The flow took the team from "is the AI working?" — a question nobody could answer — to a routine ops can run in under five minutes a morning.
08 Before / After
- ✕ Five tools, no single source of truth
- ✕ Alerts had no severity hierarchy
- ✕ Silent AI failures only surfaced via client calls
- ✕ Engineers were the only diagnostic path
- ✓ One dashboard, one source of truth
- ✓ Severity reads in two seconds
- ✓ AI pipeline state visible at the page level
- ✓ Ops resolves first; engineering escalated only when needed
The
Impact.
"Mean time to detect dropped from 52 minutes to under 8. Engineering escalations fell 65%. For the first time, ops were the first to know — not the last."

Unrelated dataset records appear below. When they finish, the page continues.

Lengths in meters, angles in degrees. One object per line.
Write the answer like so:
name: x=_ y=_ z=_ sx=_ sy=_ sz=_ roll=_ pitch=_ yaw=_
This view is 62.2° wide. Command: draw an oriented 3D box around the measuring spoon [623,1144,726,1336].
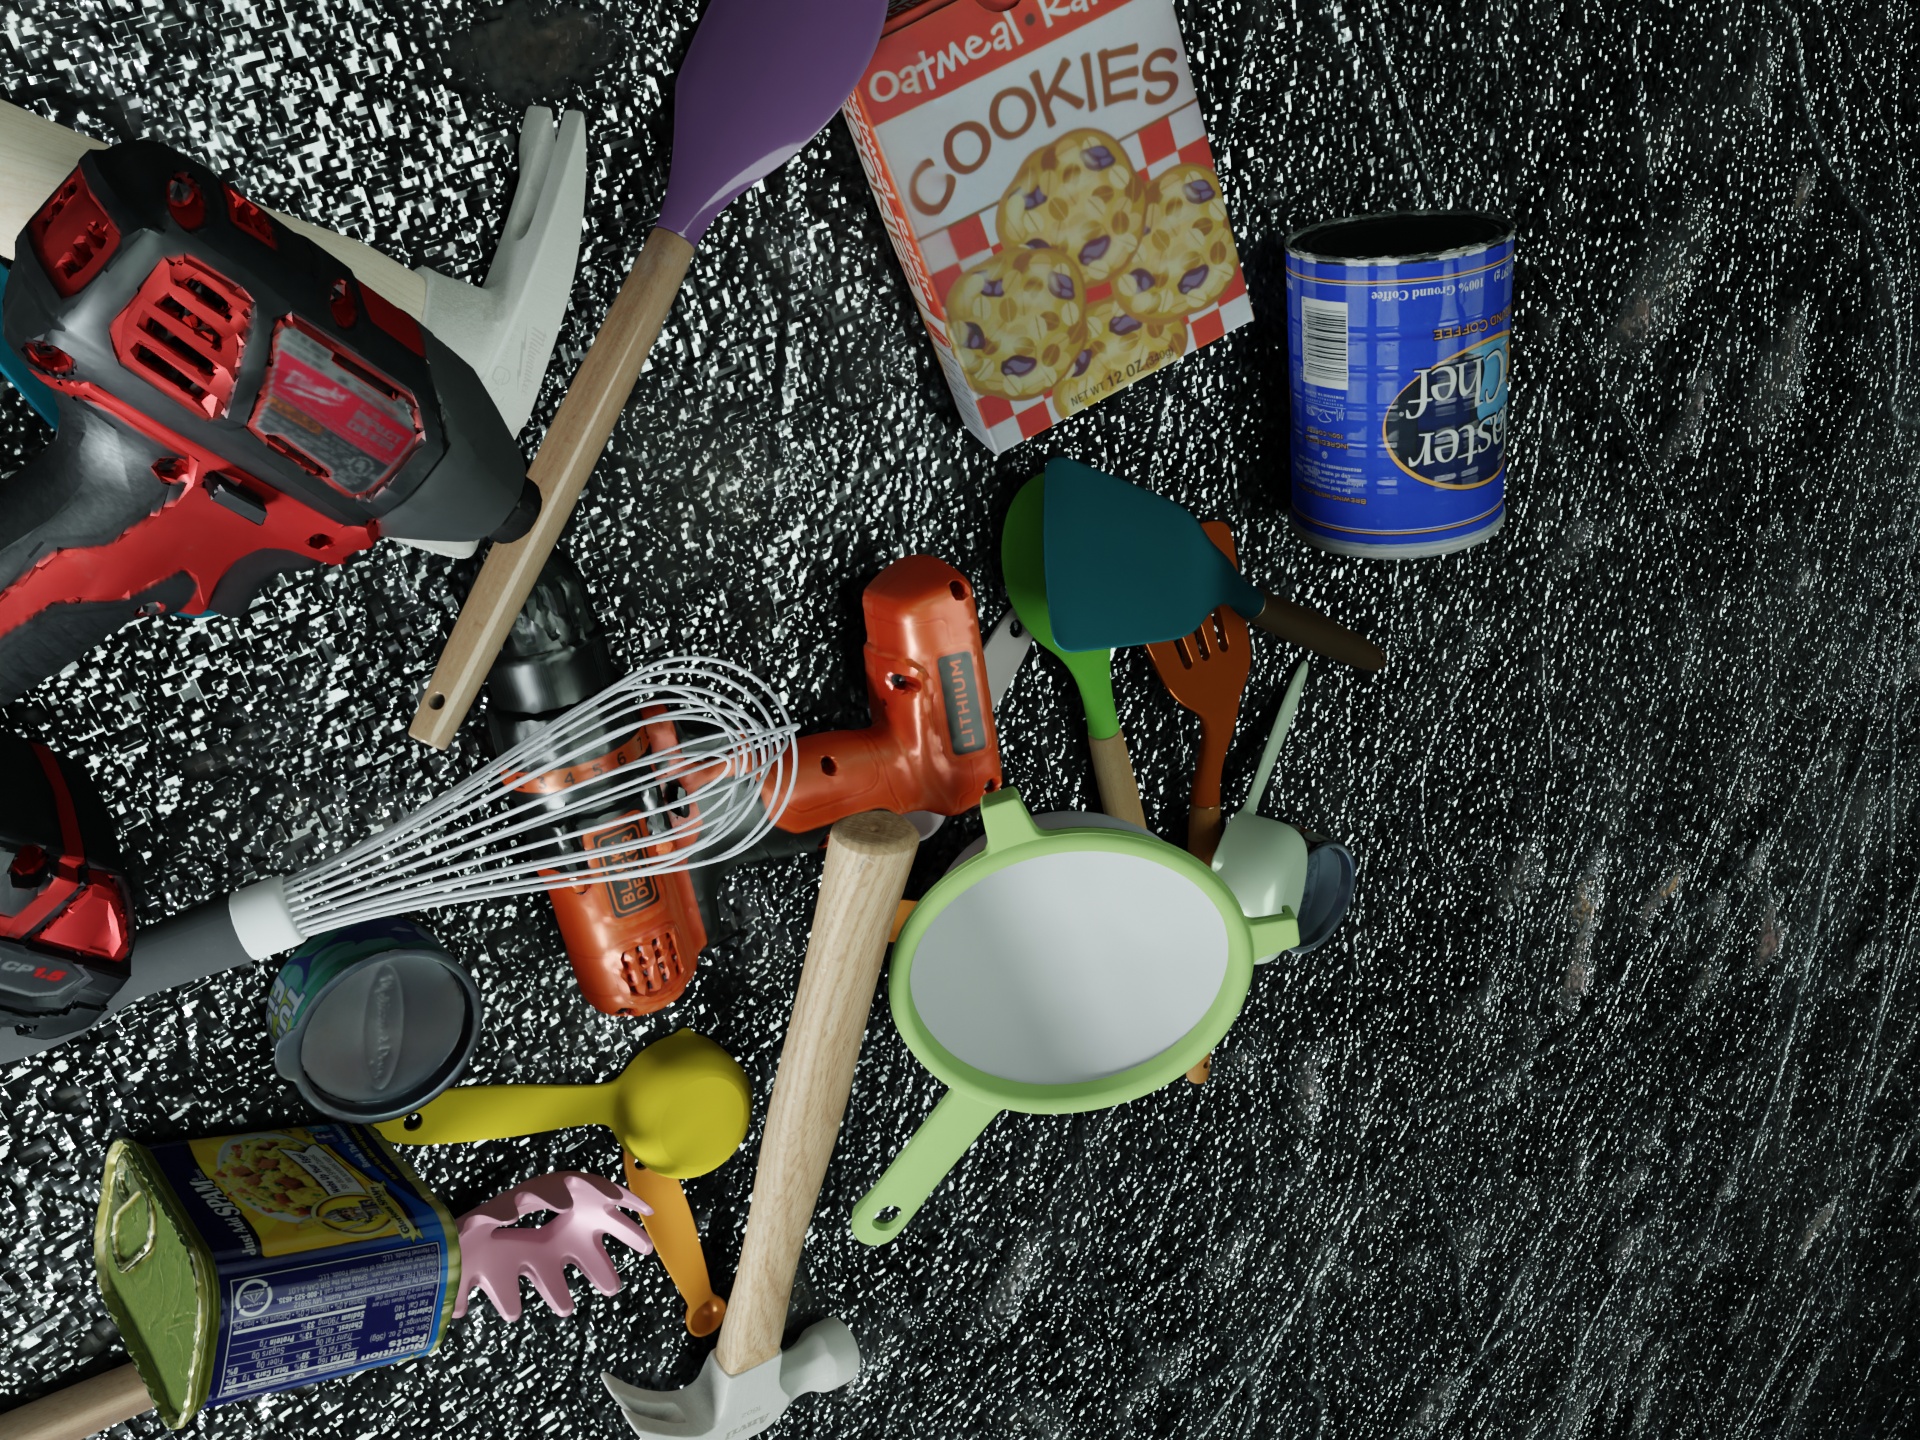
measuring spoon: x=-0.126 y=0.222 z=0.690 sx=0.021 sy=0.011 sz=0.116 roll=-30 pitch=120 yaw=-28

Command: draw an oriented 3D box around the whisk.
whisk: x=-0.184 y=0.050 z=0.499 sx=0.284 sy=0.070 sz=0.070 roll=-20 pitch=121 yaw=-10

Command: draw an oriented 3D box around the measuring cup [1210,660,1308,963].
measuring cup: x=0.168 y=0.047 z=0.825 sx=0.168 sy=0.038 sz=0.083 roll=-68 pitch=155 yaw=-15

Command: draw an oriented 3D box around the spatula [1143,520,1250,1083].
spatula: x=0.120 y=0.058 z=0.824 sx=0.081 sy=0.041 sz=0.322 roll=-25 pitch=126 yaw=-33

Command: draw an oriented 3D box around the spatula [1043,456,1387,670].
spatula: x=0.138 y=-0.052 z=0.762 sx=0.317 sy=0.044 sz=0.082 roll=13 pitch=72 yaw=-56

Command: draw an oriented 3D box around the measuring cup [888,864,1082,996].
measuring cup: x=0.021 y=0.089 z=0.741 sx=0.173 sy=0.052 sz=0.095 roll=8 pitch=106 yaw=-17

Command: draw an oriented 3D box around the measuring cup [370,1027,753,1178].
measuring cup: x=-0.150 y=0.157 z=0.625 sx=0.156 sy=0.029 sz=0.062 roll=7 pitch=96 yaw=-40

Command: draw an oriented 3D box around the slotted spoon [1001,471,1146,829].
slotted spoon: x=0.075 y=0.024 z=0.765 sx=0.070 sy=0.031 sz=0.313 roll=-36 pitch=130 yaw=-27

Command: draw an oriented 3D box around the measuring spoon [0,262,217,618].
measuring spoon: x=-0.253 y=-0.083 z=0.455 sx=0.128 sy=0.021 sz=0.042 roll=60 pitch=43 yaw=-28

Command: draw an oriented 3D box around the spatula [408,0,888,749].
spatula: x=-0.103 y=-0.135 z=0.522 sx=0.018 sy=0.060 sz=0.316 roll=70 pitch=45 yaw=-81

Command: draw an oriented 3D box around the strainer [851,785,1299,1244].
strainer: x=0.018 y=0.130 z=0.699 sx=0.151 sy=0.069 sz=0.256 roll=24 pitch=119 yaw=-19

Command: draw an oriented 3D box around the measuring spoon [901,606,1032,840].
measuring spoon: x=-0.001 y=-0.002 z=0.704 sx=0.034 sy=0.018 sz=0.124 roll=40 pitch=73 yaw=-31

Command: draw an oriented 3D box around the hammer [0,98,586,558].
hammer: x=-0.266 y=-0.154 z=0.362 sx=0.410 sy=0.038 sz=0.146 roll=14 pitch=96 yaw=-51

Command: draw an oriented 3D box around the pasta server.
pasta server: x=-0.259 y=0.228 z=0.558 sx=0.316 sy=0.040 sz=0.060 roll=-15 pitch=127 yaw=-34

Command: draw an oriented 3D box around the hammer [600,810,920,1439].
hammer: x=-0.071 y=0.182 z=0.654 sx=0.130 sy=0.031 sz=0.331 roll=-12 pitch=127 yaw=-41

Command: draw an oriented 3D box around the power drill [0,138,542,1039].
power drill: x=-0.218 y=-0.027 z=0.418 sx=0.219 sy=0.079 sz=0.143 roll=-48 pitch=143 yaw=6

Beyond the numbers, the dashboard re-shaped how the company thought about reliability. Operations went from a passive monitoring role to an active first line of defence, and clients stopped phoning to ask whether the AI was on.
Takeaways.
// 01
Visibility is a feature.
When failure modes are invisible, the product is incomplete. Designing for observability is product work, not platform work.
// 02
Hierarchy beats volume.
Fewer, clearer alerts outperform comprehensive but noisy ones. Severity has to be visual before it's textual.
// 03
Design for the power user.
Operations teams live in the tool. Optimise for speed and recall, not for first-time onboarding.